42 The procedural issue concerns whether Maguire DCJ erred in not finding Trazmet’s motion to be an abuse of process (Ground 3). Directed to this issue are Grounds 4, 5 and 6 of the Draft Notice of Appeal. The claimants contend that Maguire DCJ erred in applying Nominal Defendant v Manning. They contend (Ground 4) that it is distinguishable, being concerned with a second application based on fresh evidence rather than, as here, a new argument based on the same evidence. The claimants also contend that Maguire DCJ erred in not finding that the Notice of Motion before him involved the same issues canvassed before Urquhart DCJ (Ground 5, as I apprehend the claimants intended it to read).
Draft Notice of Contention
43 Trazmet supports the decision of Maguire DCJ, but has filed a draft notice of contention. It will only be strictly necessary to consider the additional supporting grounds raised by the notice of contention, if the claimant’s grounds of appeal are well founded.
44 First, in relation to the substantive question, Trazmet supports the construction of “injury” adopted by Maguire DCJ. But by its Notice of Contention it puts forward in the alternative the enlarged meaning of “award” it had put to Urquhart DCJ. It thereby contends again that the finding by the Commissioner of a lack of permanency in respect of losses in relation to the claimant’s back, neck and right leg constituted an “award”, albeit of nil amount, made by that Court for the purpose of s151A, so constituting an election.

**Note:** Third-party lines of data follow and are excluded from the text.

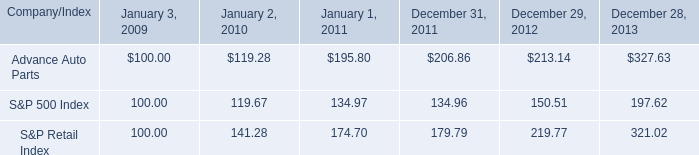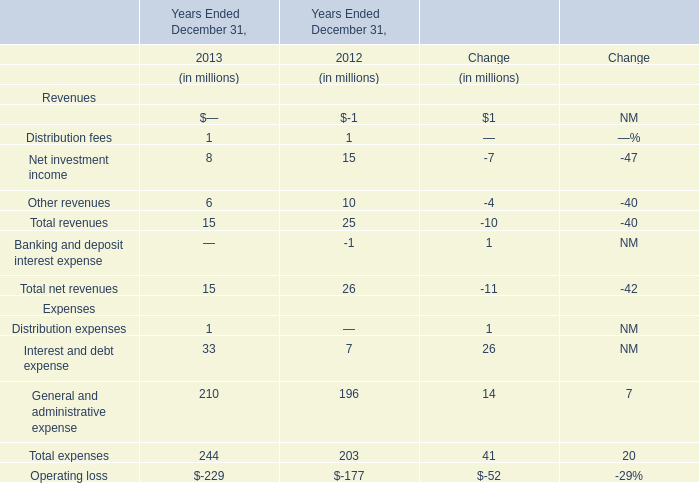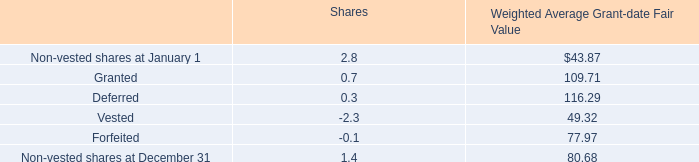What's the growth rate of General and administrative expense in 2013? 
Computations: ((210 - 196) / 196)
Answer: 0.07143. 
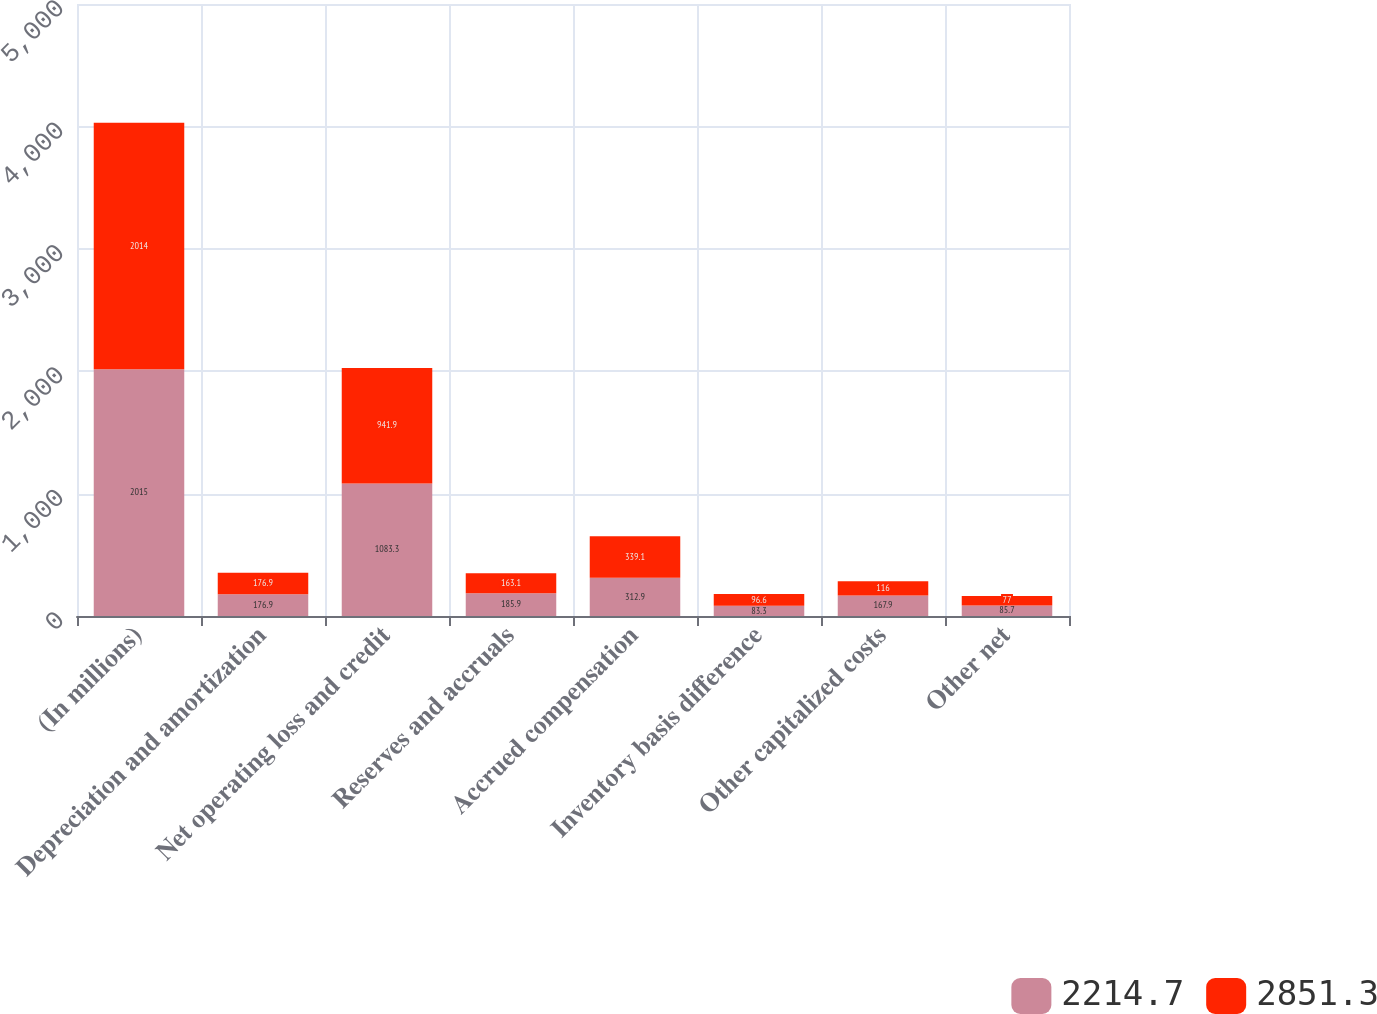Convert chart to OTSL. <chart><loc_0><loc_0><loc_500><loc_500><stacked_bar_chart><ecel><fcel>(In millions)<fcel>Depreciation and amortization<fcel>Net operating loss and credit<fcel>Reserves and accruals<fcel>Accrued compensation<fcel>Inventory basis difference<fcel>Other capitalized costs<fcel>Other net<nl><fcel>2214.7<fcel>2015<fcel>176.9<fcel>1083.3<fcel>185.9<fcel>312.9<fcel>83.3<fcel>167.9<fcel>85.7<nl><fcel>2851.3<fcel>2014<fcel>176.9<fcel>941.9<fcel>163.1<fcel>339.1<fcel>96.6<fcel>116<fcel>77<nl></chart> 
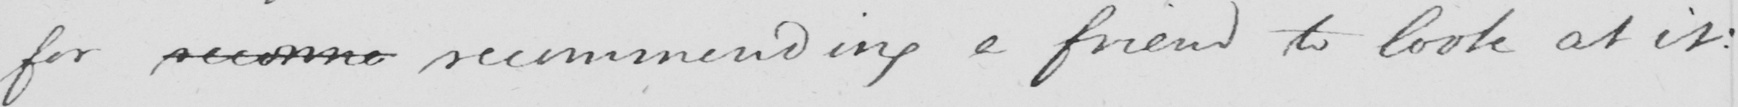What is written in this line of handwriting? for reconne recommending a friend to look at it :

45 Second, in relation to the procedural issue Trazmet submits that the claimants have identified no error sufficient to set aside Maguire DCJ’s discretionary decision to entertain the motion, in the sense referred to in House v The King (1936) 55 CLR 499. It further contends that Maguire DCJ’s discretionary decision not to strike out the motion as an abuse of process should also be affirmed on a number of additional grounds:
- (a) res judicata does not apply to interlocutory applications so that it is of no moment that the point taken below could have been taken before Urquhart DCJ,
(b) the relief sought below was a logical result of the defence of election under s151A Workers Compensation Act sought to be raised in the proposed amended defence;
(c) there was no collateral challenge to the prior decision of Urquhart DCJ nor any ulterior purpose in bringing the proceedings;
(d) The case was not one of re-argument of a point of law fully argued in a prior application; and
DISPOSITION(e) the reasoning of Foster AJA in Manning would support the conclusion of Maguire DCJ.

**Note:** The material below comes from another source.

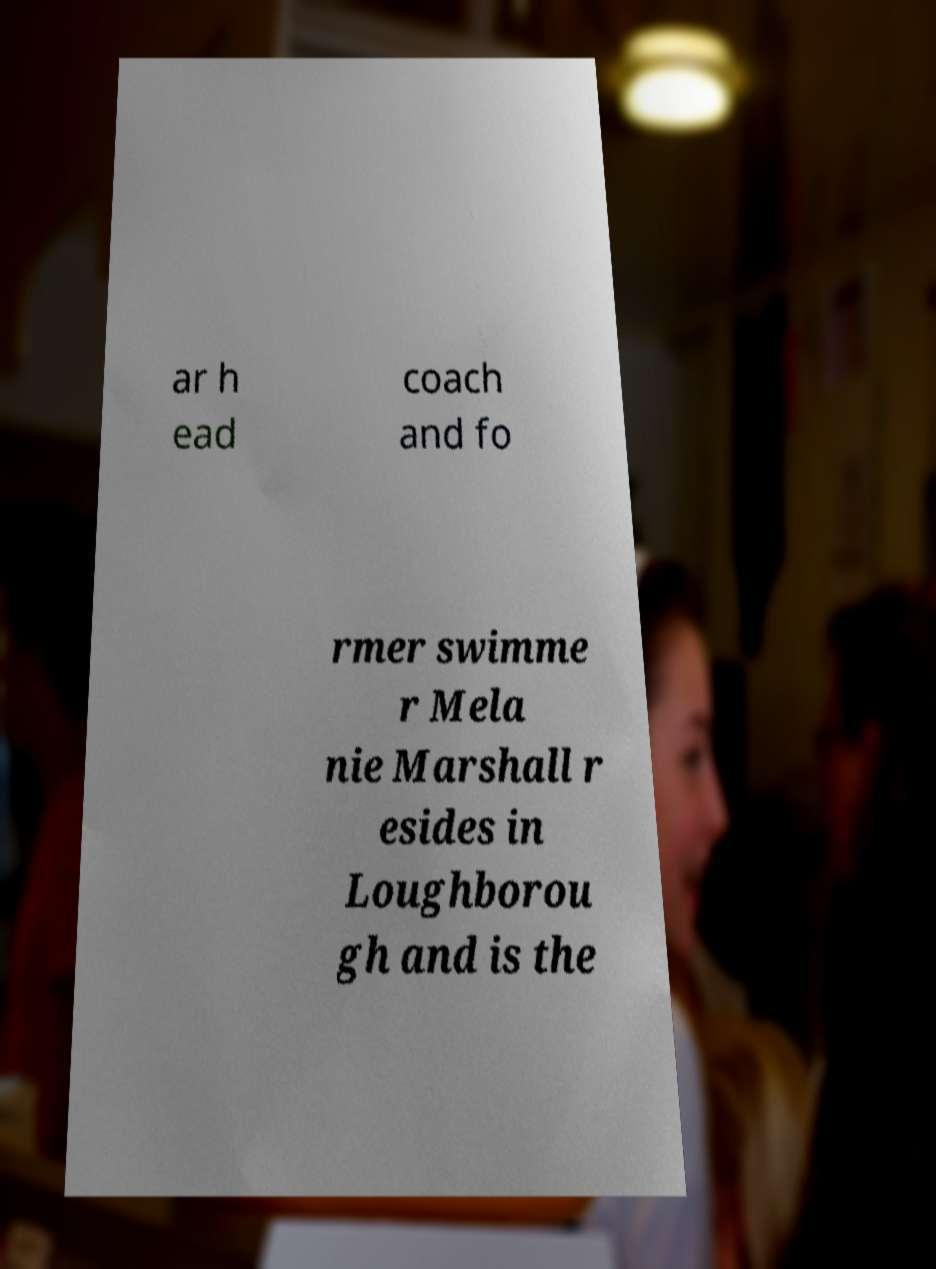Can you read and provide the text displayed in the image?This photo seems to have some interesting text. Can you extract and type it out for me? ar h ead coach and fo rmer swimme r Mela nie Marshall r esides in Loughborou gh and is the

Was there an abuse of process?
46 The threshold question is whether the bringing of proceedings before Maguire DCJ should have been precluded as an abuse of process. Maguire DCJ concluded in the exercise of his discretion that he did not “see the instant application as an abuse of process. The debate before me did not involve the same issues canvassed before Urquhart DCJ and does not constitute a backdoor de facto appeal against his decision.”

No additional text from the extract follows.